§ **PROBLEM DESCRIPTION**:
An exact copy of the lines from the one containing "Q: In which" to the end of the records below is required, and nothing else.

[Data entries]
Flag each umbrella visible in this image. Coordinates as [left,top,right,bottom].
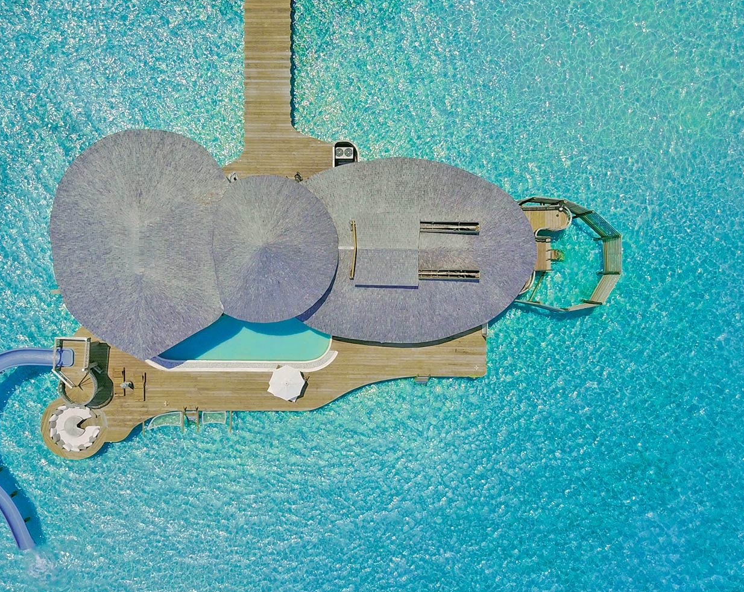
[270,365,305,400]
[121,381,134,390]
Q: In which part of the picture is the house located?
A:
center

§ **RESULT**:
Q: In which part of the picture is the house located?
A:
center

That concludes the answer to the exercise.